二月三日は節分だ。「福はーうちー」の掛け声と共に豆をまいたり、最近では恵方巻きを食べたりして過ごされる方も多いのではないか。節分とは季節の分け目という意味で、もともと二十四節気それぞれの前日を表す言葉であったが、いつ頃からか冬の終わる最後の日である立春の前日を指すようになった。旧暦ではお正月と立春が近いため、節分も大晦日と同じように新しい生活が始まる境目の日として重視されており、當山でも節分から立春の日にかけては星祭を行っている。

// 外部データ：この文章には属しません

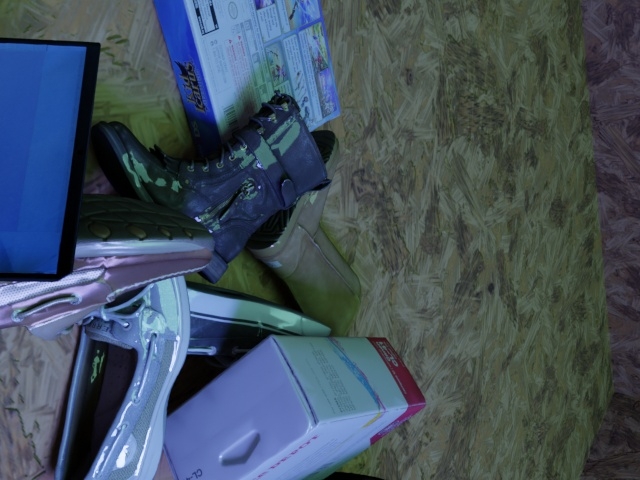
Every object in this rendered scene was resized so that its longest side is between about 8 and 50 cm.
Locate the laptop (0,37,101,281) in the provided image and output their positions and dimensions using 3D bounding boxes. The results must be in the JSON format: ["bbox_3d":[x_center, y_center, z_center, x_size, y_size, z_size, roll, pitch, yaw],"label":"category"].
[{"bbox_3d":[-0.323,-0.102,0.547,0.264,0.136,0.234,32,50,-52],"label":"laptop"}]

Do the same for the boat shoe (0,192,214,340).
[{"bbox_3d":[-0.262,0.030,0.697,0.324,0.123,0.116,-4,117,-27],"label":"boat shoe"}]

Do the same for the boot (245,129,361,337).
[{"bbox_3d":[0.000,0.000,1.120,0.236,0.089,0.269,-60,142,-21],"label":"boot"}]

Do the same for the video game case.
[{"bbox_3d":[-0.086,-0.251,0.956,0.244,0.061,0.269,-38,127,-41],"label":"video game case"}]

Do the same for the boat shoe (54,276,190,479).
[{"bbox_3d":[-0.228,0.140,0.807,0.103,0.118,0.320,-1,105,-58],"label":"boat shoe"}]

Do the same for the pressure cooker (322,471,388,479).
[{"bbox_3d":[0.022,0.592,1.033,0.375,0.369,0.420,-18,114,-69],"label":"pressure cooker"}]

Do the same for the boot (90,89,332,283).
[{"bbox_3d":[-0.117,-0.099,0.863,0.229,0.091,0.263,-47,129,-15],"label":"boot"}]

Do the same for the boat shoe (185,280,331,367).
[{"bbox_3d":[-0.108,0.127,0.970,0.306,0.113,0.105,19,88,-51],"label":"boat shoe"}]

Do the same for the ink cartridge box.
[{"bbox_3d":[-0.027,0.238,0.983,0.226,0.131,0.306,-40,153,20],"label":"ink cartridge box"}]

星祭とは私達の運命を司る星の神様そして全ての星の王様である妙見様をお祀りし、本年の星回りをよくして頂くように願う行事だ。つまり運気を好転させることで、災難を除き寿福増進の御利益が頂けるのである。
季節の変わり目の大切な日、恵方巻きを頬張った後は、妙見様に手を合わせよう。
更新日:2012/02/01
お正月は一年の始まりだ。お正月は家の中に歳神様をお招きし、一年の幸福を祈る。そのため、大掃除をしたり鏡餅や門松など色々な準備をしてお迎えをする。また、お正月には初詣に行くが、これは守護神様の元へお詣りし昨年の息災を感謝すると共に、新たな一年も無事過ごせるようにお祈りをするためだ。
お盆とお正月は日本人の二大行事といっても過言ではないがお盆がご先祖様の供養に重点が置かれているのに対し、お正月は私達の幸福を祈る性格が強く全てを清め新たなスタートを切るための行事といえる。

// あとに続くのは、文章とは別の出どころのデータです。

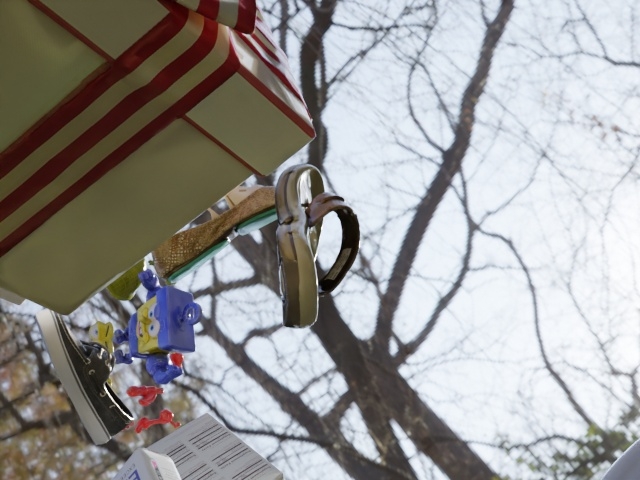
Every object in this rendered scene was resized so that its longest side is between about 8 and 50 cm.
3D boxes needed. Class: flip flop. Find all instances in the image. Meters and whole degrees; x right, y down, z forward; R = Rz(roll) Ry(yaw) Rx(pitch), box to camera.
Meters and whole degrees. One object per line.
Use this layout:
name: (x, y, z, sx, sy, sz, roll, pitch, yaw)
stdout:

お正月の飾りにも一つ一つ意味があり、門松は神様が降臨する目印であり、鏡餅と共にお供えする橙は子孫繁栄、干し柿は夫婦が皺(しわ)の寄るまで添い遂げる事を願い、田作(ごまめ)は豊作を象徴する。飾りは全てする必要はなく心の持ちようが大切である。
更新日:2012/01/01
大晦日の行事は正月の行事と共に一年で最も大切だ。中でも大事なのが除夜の鐘。
ところで、なぜ除夜の鐘というのかご存じだろうか。十二月を師走と言うが別の名を除(じよ)月(げつ)という。その最後の三十一日を除(じよ)日(じつ)といい、その夜だから除夜という。

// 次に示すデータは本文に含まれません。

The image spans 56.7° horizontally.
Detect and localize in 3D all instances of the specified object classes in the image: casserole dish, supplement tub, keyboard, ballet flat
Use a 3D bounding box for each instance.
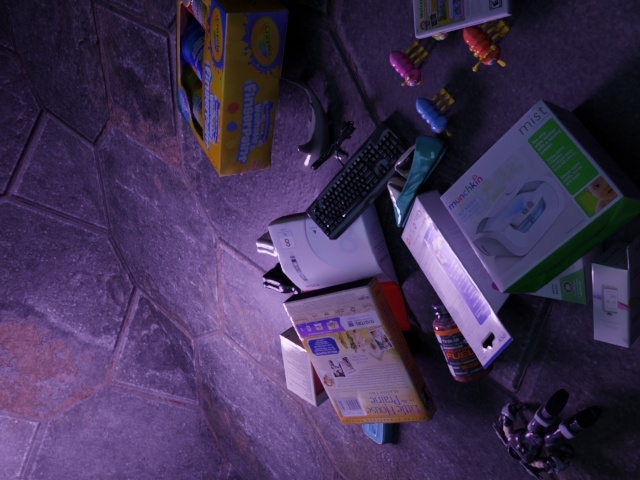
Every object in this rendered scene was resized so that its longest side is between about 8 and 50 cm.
[{"bbox_3d":[0.178,0.581,1.900,0.114,0.037,0.188,27,133,38],"label":"casserole dish"},{"bbox_3d":[0.336,0.234,1.431,0.106,0.106,0.197,-14,102,53],"label":"supplement tub"},{"bbox_3d":[0.065,-0.168,1.461,0.317,0.033,0.201,-48,69,28],"label":"keyboard"},{"bbox_3d":[0.204,-0.141,1.359,0.087,0.083,0.247,28,130,7],"label":"ballet flat"}]

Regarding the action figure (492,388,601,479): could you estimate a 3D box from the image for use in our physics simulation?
[{"bbox_3d":[0.514,0.448,1.375,0.185,0.099,0.285,40,143,15],"label":"action figure"}]

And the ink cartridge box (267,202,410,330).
[{"bbox_3d":[0.050,0.099,1.630,0.308,0.091,0.385,-10,104,34],"label":"ink cartridge box"}]

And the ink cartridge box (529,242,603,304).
[{"bbox_3d":[0.441,0.026,1.186,0.212,0.093,0.154,11,121,49],"label":"ink cartridge box"}]

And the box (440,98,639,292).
[{"bbox_3d":[0.388,-0.072,1.056,0.262,0.127,0.231,-47,55,34],"label":"box"}]

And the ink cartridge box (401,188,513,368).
[{"bbox_3d":[0.305,0.081,1.297,0.175,0.069,0.371,99,149,-58],"label":"ink cartridge box"}]

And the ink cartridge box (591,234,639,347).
[{"bbox_3d":[0.548,0.077,1.072,0.067,0.115,0.198,12,121,46],"label":"ink cartridge box"}]

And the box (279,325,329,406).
[{"bbox_3d":[-0.029,0.399,1.952,0.149,0.127,0.232,21,128,41],"label":"box"}]

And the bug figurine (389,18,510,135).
[{"bbox_3d":[0.240,-0.354,1.195,0.216,0.072,0.279,50,142,15],"label":"bug figurine"}]

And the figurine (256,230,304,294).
[{"bbox_3d":[-0.094,0.079,1.849,0.209,0.092,0.214,19,126,43],"label":"figurine"}]

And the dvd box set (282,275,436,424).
[{"bbox_3d":[0.106,0.318,1.643,0.308,0.062,0.420,-17,104,39],"label":"dvd box set"}]

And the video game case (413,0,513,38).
[{"bbox_3d":[0.251,-0.495,1.075,0.193,0.023,0.212,1,99,43],"label":"video game case"}]

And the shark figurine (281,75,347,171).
[{"bbox_3d":[-0.030,-0.285,1.528,0.166,0.116,0.278,22,130,39],"label":"shark figurine"}]

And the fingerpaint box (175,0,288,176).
[{"bbox_3d":[-0.254,-0.459,1.558,0.371,0.163,0.444,55,147,37],"label":"fingerpaint box"}]

除夜の鐘は、煩悩の数と同じ一〇八回鐘を撞く。一年の終わりに自らの煩悩を払い、新年を新たな気持ちで迎えるためだ。
お寺によっては除夜に一〇七回撞き、最後の一回は新年を煩悩に惑わされないよう、年が明けてから鳴らし祈る所もある。當山ではお詣りの方にも撞いて頂けるようにしているため、いつも一〇八回を超えてしまうのだが、せっかくなので鐘を撞いて今年の煩悩を落として頂ければ幸いだ。また、鐘を撞く前には鐘に向かって合掌し、仏様に今年一年の無事を感謝してから撞くのが良い。
更新日:2011/12/01
十一月は全国的に七五三の御祝いが行われる。七五三で対象となるのは三歳の男女、五歳の男子、七歳の女子だ。それぞれここまで無事成長できたことを守護神様に感謝し祝う行事である。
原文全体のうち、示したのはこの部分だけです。